Given records>
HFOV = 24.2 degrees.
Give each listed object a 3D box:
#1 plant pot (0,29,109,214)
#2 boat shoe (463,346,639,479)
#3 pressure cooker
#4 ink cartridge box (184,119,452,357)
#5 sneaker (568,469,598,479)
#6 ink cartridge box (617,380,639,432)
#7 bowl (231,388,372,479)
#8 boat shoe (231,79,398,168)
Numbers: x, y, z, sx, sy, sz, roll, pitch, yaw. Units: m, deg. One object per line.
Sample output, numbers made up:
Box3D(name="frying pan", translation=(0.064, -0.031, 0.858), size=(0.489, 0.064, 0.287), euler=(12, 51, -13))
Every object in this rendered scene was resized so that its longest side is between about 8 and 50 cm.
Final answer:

--

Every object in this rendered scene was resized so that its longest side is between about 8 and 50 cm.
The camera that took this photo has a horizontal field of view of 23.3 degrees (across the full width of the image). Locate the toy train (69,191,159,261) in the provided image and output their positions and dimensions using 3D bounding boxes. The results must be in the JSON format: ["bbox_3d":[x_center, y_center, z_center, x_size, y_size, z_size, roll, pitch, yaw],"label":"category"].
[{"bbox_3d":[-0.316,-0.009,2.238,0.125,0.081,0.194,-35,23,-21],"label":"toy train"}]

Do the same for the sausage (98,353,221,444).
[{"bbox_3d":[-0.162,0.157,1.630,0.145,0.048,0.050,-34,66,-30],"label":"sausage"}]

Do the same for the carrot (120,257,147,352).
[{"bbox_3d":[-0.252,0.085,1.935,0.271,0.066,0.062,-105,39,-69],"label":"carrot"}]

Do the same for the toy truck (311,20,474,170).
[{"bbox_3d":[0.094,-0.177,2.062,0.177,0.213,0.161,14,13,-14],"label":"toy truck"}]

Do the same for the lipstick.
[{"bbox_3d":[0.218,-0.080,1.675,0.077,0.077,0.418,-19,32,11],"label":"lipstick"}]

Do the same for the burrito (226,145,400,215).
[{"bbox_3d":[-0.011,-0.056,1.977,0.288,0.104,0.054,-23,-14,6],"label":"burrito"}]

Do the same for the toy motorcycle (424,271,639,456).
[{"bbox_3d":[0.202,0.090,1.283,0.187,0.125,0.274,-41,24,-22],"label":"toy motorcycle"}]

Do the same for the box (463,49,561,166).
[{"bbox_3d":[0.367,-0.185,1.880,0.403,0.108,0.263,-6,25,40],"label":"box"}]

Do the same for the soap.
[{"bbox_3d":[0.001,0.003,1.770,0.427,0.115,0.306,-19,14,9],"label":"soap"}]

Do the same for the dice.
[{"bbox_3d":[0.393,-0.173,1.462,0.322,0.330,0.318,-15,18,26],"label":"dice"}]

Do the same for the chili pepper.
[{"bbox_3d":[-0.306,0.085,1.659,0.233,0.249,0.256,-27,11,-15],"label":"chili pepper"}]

What needs to be done> Scan the lines above, and whenever one holds the string "boat", copy it.

Response for this exercise>
#2 boat shoe (463,346,639,479)
#8 boat shoe (231,79,398,168)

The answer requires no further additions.